Le livre de poche 2009, 120 pages, 4,50€ (1ère édition Albin Michel 2006)

Les avis d’Yspaddaden, LN, Leiloona, Praline.

Les mémoires de Giorgione – Claude Chevreuil


1510, le peintre vénitien Giorgione, malade de la peste, est revenu dans son village natal de Castelfranco pour y mourir. Il écrit une longue lettre à l’un de ses élèves, Sebastiano Del Piombo, dans laquelle il revient sur sa vie: fils de modestes paysans, il a quitté très tôt sa famille pour s’installer à Venise et intégrer l’atelier du grand Bellini. Lors de ses années d’apprentissage, il rencontrera les plus grands artistes, fréquentera la noblesse italienne, et découvrira aussi les plaisirs de l’amour .

Bien plus que le portrait romancé d’un peintre, Les mémoires de Giorgione est aussi le récit d’une époque foisonnante, la renaissance italienne, et d’une ville, Venise,  en pleine ébullition artistique. Au cours de son existence brève mais intense (il est mort à 33 ans), Giorgione y rencontrera entre autres grandes figures Léonard de Vinci, Dürer ou Titien, qui fut son élève avant de s’affirmer comme son plus grand rival. Claude Chevreuil livre ici un texte dense et passionné, parfois un peu obscur pour le non-initié quand il aborde certains aspects techniques de la peinture.
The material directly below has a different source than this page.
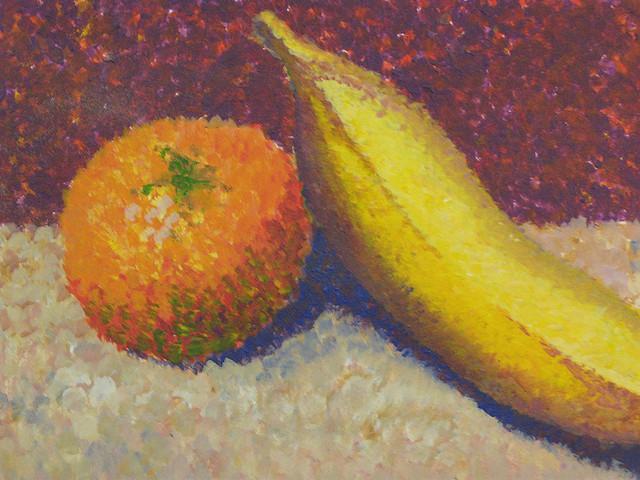How many bananas do you see?
Give a very brief answer. 1.

Mais en bon pédagogue il s’efforce le plus souvent d’alléger le propos, par exemple  en accordant une large place à la vie amoureuse du peintre, et le récit est finalement assez bien équilibré, à la fois instructif et divertissant. S’il vaut mieux être un amateur averti pour saisir toutes les subtilités du récit, ceux qui comme moi ne connaissent pas grand chose à la peinture passeront donc tout de même un bon moment avec ce roman!


Le livre de poche, 416 pages, 6,50€
Les avis de Praline et de Kepherton.